Marta ya ha vuelto y a Laura la esperamos a finales de mayo.
Gracias a las dos por la entrega e ilusión que han puesto en su trabajo. Sin duda que como decía Marta, en el aeropuerto, siempre hay un antes y un después de esta experiencia.
Un día en el Valle de Elías Piña, es un día muy largo. Comienza al clarear el día y después de tres turnos de trabajos la noche nos dice que es hora de descansar. Nos lo ha descrito Marta. Los iremos compartiendo por tramos.
Hoy compartimos el final de su escrito.
Cada día que pasa, descubres y aprendes algo nuevo de la pobreza que allí se respira
Y cada día que pasa la Comunidad del Valle de Elías Piña se desarrolla gota a gota.
Ahora ya estoy en España, aunque algún kg y la mente está en el Valle, después de cinco meses y medio cargado de trabajo y emociones viviendo esta experiencia tan intensa, favorecedora para mi persona y muy satisfecha de haber colaborado en esta comunidad.

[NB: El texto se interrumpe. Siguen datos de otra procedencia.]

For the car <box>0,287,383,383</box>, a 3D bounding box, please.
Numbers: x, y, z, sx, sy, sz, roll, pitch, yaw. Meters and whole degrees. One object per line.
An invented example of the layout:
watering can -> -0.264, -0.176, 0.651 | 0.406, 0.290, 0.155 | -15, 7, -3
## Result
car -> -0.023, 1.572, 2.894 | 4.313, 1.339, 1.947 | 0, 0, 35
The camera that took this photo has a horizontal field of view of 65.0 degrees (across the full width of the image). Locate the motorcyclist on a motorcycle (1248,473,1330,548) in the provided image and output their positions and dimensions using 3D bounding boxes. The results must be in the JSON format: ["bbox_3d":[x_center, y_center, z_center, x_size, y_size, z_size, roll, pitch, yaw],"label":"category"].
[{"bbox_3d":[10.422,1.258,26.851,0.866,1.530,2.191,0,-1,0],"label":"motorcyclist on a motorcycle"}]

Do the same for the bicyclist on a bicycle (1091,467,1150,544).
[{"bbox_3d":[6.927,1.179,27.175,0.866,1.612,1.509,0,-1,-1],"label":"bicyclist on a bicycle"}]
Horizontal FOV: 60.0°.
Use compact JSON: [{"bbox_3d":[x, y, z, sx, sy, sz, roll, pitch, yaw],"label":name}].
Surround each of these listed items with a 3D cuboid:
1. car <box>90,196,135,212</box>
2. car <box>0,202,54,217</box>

He conocido muchas personas y situaciones, de todas he aprendido y de todas me llevo algo, no solo de las personas del Valle, sino también de todas las hermanas de la República Dominicana con las que he compartido momentos, pero sobre todo de mi Comunidad, la Extensión Apostólica, tanto de las hermanas como de las personas voluntarias que han pasado por allí. Muchísimas gracias a todas ellas y por supuesto a FASFI por haberme dado la gran oportunidad de haber podido vivir la experiencia de mi vida.
MESI AMPIL.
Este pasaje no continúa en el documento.